Now before I run into another situation where I’m accused of selectively applying data to make RedMonk look, let me be clear: that’s exactly what I’m doing. It’s a (mostly) tongue in cheek exercise to answer, in part, Armaggedon’s question: “why is it always a major firm like Gartner that is going to be disintermediated, but not boutiques.”

How does the above answer that question? Hopefully by highlighting the fact that our model is very, very different from Forrester, Gartner, et al. What disintermediates them is less likely to do the same to us, simply because we operate differently. We may be in the same industry, but we are literally a different species of firm. Does that mean that I believe those firms are going away? No. But does the VC’s favorite business model, as applied to the analyst industry, have implications for them?

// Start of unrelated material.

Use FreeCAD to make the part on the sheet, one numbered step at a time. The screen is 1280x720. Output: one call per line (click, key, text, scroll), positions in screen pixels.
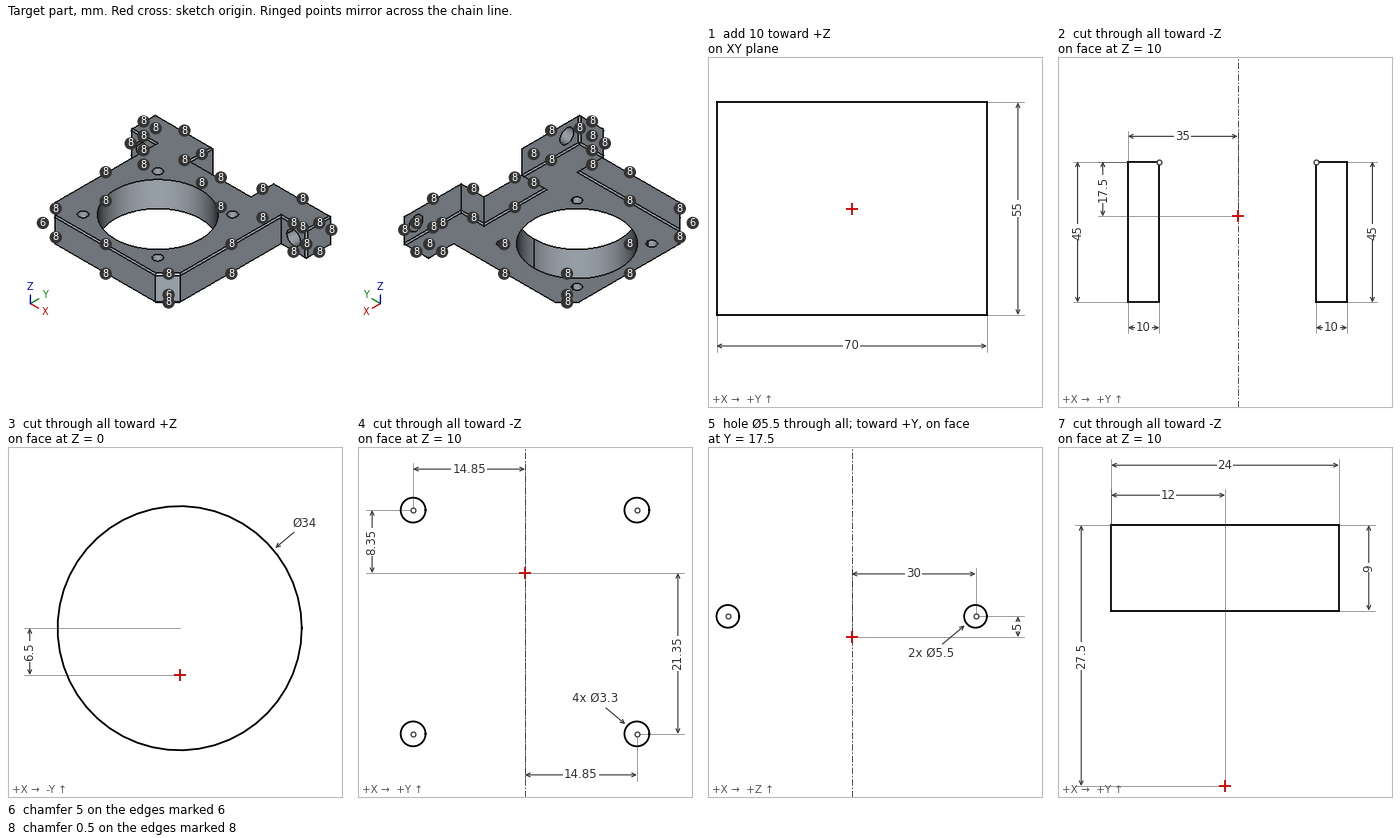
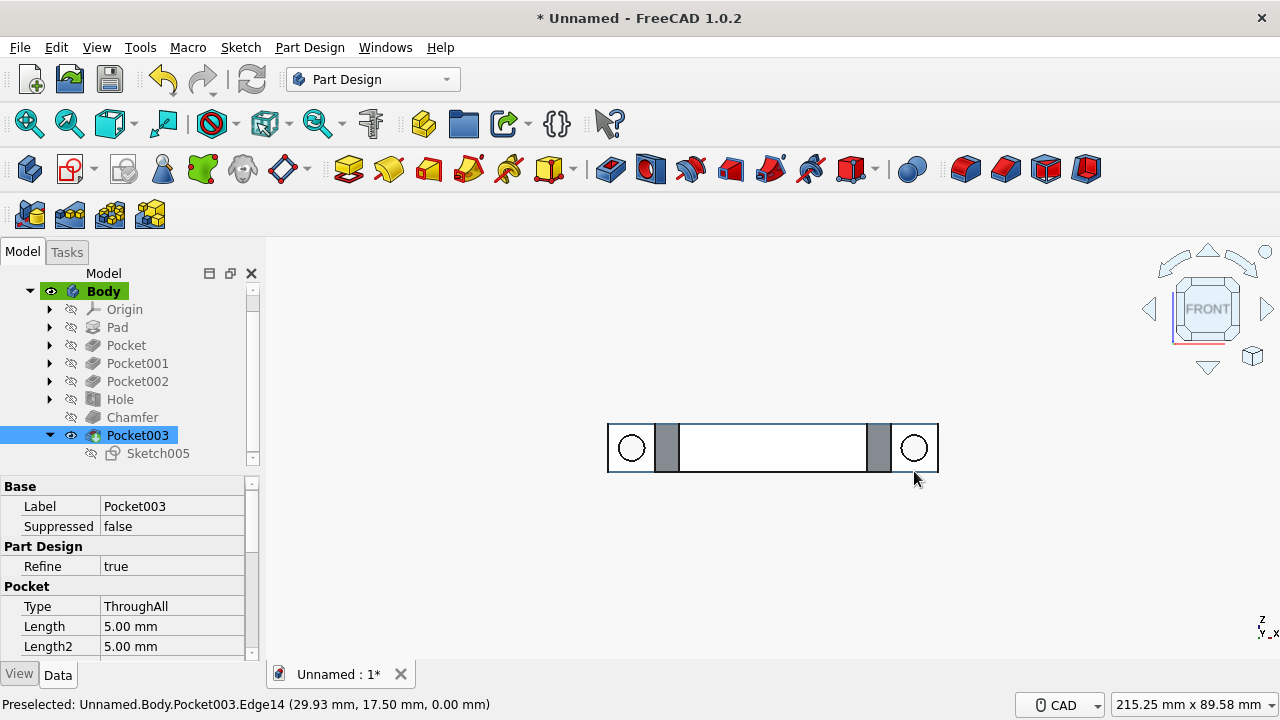
click(773, 471, ctrl)

I think so. Check that, I know so, as customers of ours telling us that they are using us as a lever for better deals, more access, etc.

Lest someone think we’re getting big heads over here at RedMonk, let me assure you that we’re not expecting to be bought out or acquired for sums similar to some of the examples that Fred cites such as Flickr or Skype. No, we’d be perfectly willing knocking a couple of grand off what eBay paid Skype 😉

One comment

  1. On the point of Adsense revenues, you might want to think about putting an Adsense box on the individual article pages. Right now, that’s how I and I imagine most of the other people who read your blog via RSS come to your site.

    I rarely ever see the front page unless I’m looking for an old entry.

    Maybe just a small box above the Comments section?